CTT takes into account a "testtaker true score on a test that would be obtained but for the action of measurement error" (Cohen, Swerklik, &Sturman, 2013, p. 123). The second theory to evaluate test fairness is IRT. It should be noted that IRT is not a "single theory or method" (Cohen et al., 2013, p. 168). They are over 100 types of IRT models that differentiate specific approaches (Cohen et al., 2013). Item Response Theory is also referred as latent-trait theory or latent-trait model. IRT is a system of expectations "about measurement and the extent to which each test item measures the trait" (Cohen et al., 2013, p. I-15).
When dealing with issues of test fairness, the IRT is the preferred theory for several reasons. The IRT is able to utilize information curves to adapt tests more precisely to the individuals being tested (Cohen et al., 2013). In this way, the most effective information can be garnered from a test without the laborious superfluity of a prescribed format.

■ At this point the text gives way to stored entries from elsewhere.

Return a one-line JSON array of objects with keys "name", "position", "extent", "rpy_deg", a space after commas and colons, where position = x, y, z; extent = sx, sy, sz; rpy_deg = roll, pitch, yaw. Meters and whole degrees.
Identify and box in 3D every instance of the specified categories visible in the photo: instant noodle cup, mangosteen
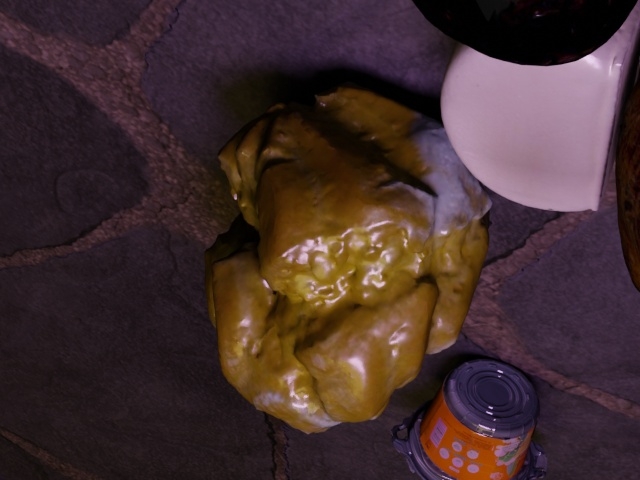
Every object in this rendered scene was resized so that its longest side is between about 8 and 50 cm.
[{"name": "instant noodle cup", "position": [0.207, 0.233, 1.900], "extent": [0.208, 0.177, 0.125], "rpy_deg": [0, 134, -17]}, {"name": "mangosteen", "position": [0.160, -0.263, 1.156], "extent": [0.243, 0.243, 0.243], "rpy_deg": [17, 147, 12]}]

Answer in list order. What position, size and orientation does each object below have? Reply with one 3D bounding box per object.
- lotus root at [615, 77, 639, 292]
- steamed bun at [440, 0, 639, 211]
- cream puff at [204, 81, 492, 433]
[{"name": "lotus root", "position": [0.354, -0.074, 1.318], "extent": [0.179, 0.196, 0.397], "rpy_deg": [4, 144, 9]}, {"name": "steamed bun", "position": [0.204, -0.150, 1.355], "extent": [0.164, 0.146, 0.241], "rpy_deg": [16, 147, 16]}, {"name": "cream puff", "position": [0.000, 0.000, 1.557], "extent": [0.275, 0.378, 0.378], "rpy_deg": [38, 145, -19]}]

IRT information curves assist in removing the biases of the CTT wherein difficulty levels fluctuate depending upon the people being tested (Cohen et al., 2013). Also, differential item functioning (DIF) helps to increase fairness be reducing variables resulting from culture, age, gender, linguistics, etc. (Cohen et al., 2013). Rather than an overarching formula being applied to vastly different populations, IRT allows test developers to tailor tests around the traits of the individuals being tested.
IRT tests also undergo a rigorous process of developing item banks, reviews, and tests before the finished test is implemented (Figure 8-7) ( Cohen et al., 2013, p. 284). In sum, the mutability and soundness of IRT in shaping, implementing, and analyzing tests helps to reduce biases which could be inherent in standardized classical tests. Therefore, the IRT is the preferred theory for responding to questions about fairness in testing.

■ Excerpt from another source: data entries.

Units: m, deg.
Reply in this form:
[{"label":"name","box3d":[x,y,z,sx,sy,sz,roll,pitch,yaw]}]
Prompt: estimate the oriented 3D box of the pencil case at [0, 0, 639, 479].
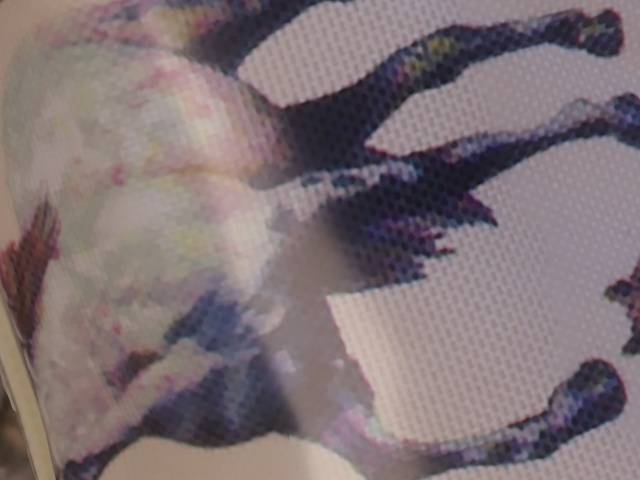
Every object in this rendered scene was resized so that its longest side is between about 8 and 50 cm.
[{"label":"pencil case","box3d":[0.000,0.000,0.373,0.184,0.160,0.410,-21,96,-29]}]

Classical Test Theory (CTT) has been advantageous and broadly applicable because "most researchers are familiar with this basic approach" and "many data analysis and statistics-related software packages are built" from its perspective (Cohen et al., 2013, p. 281). Aside from its relative ubiquity in the realm of testing, CTT benefits from small samples sizes and "simple mathematical models." (Table 8-4) (Cohen et al., 2013, p. 282). On the other hand, CTT tests can often be long with each test item contributing unequally to the final test score.
Moreover, "item statistics and overall psychometric properties of the test are dependent on the samples which have been administered" (Cohen et al., 2013, p. 281). These disadvantages greatly increase the difficulty of acquiring a fair and simple test with little room for false interpretations.

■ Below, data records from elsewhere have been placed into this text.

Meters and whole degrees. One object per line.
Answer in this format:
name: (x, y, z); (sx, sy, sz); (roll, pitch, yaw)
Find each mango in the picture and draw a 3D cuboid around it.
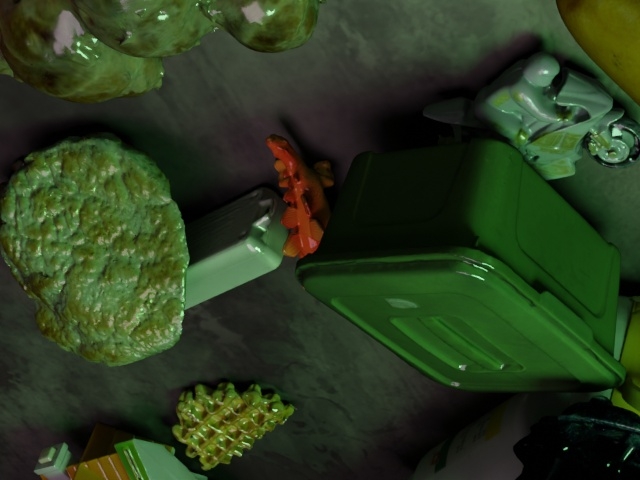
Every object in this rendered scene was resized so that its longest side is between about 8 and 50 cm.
mango: (0.332, -0.178, 1.376); (0.254, 0.139, 0.175); (31, 177, -14)

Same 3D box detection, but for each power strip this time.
power strip: (-0.163, 0.032, 1.800); (0.338, 0.098, 0.058); (-24, 127, 36)

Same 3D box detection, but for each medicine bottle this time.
medicine bottle: (0.228, 0.334, 1.914); (0.208, 0.208, 0.340); (33, 136, -17)

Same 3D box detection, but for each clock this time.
clock: (-0.263, 0.397, 2.162); (0.235, 0.166, 0.309); (-20, 125, 33)

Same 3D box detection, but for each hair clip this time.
hair clip: (0.316, 0.291, 1.630); (0.206, 0.194, 0.310); (-3, 150, 45)

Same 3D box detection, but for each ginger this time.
ginger: (-0.200, -0.234, 1.482); (0.375, 0.176, 0.256); (-18, 143, 32)

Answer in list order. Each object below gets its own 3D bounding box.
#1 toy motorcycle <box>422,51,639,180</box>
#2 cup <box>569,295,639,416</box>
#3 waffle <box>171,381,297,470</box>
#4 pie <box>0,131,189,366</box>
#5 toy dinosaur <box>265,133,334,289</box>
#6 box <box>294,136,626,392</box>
toy motorcycle: (0.215, -0.126, 1.535); (0.225, 0.073, 0.152); (-3, 132, 21)
cup: (0.398, 0.159, 1.671); (0.226, 0.241, 0.185); (14, 104, 13)
waffle: (-0.118, 0.256, 2.058); (0.192, 0.046, 0.160); (-6, 131, 23)
pie: (-0.257, 0.010, 1.735); (0.257, 0.105, 0.274); (-22, 89, 31)
toy dinosaur: (0.000, 0.000, 1.702); (0.070, 0.117, 0.288); (-10, 129, 25)
box: (0.164, 0.031, 1.581); (0.253, 0.178, 0.329); (-2, 153, 39)

Item Response Theory (IRT) benefits from being adapted to ability levels of test subjects. Consequently, IRT-based tests can be "relatively short" and "still reliable" (Cohen et al., 2013, p. 281). Also, IRT based tests feature statistics which are independent of the samples administered by the test, unlike CTT based tests. The advantages of IRT help to circumvent typical biases which might corrupt test results.
Furthermore, IRT helps tests to me more accurate through several stages of review and accountability. Conversely, IRT is less familiar to researchers than CTT and the tests are less likely to be applied widely (Cohen et al., 2013). IRT-based tests can be considered complicated and can require large sample sizes (Cohen et al., 2013). In addition to the fact that there is much less IRT-based software packages than CTT, IRT is less likely to be utilized generally across populations.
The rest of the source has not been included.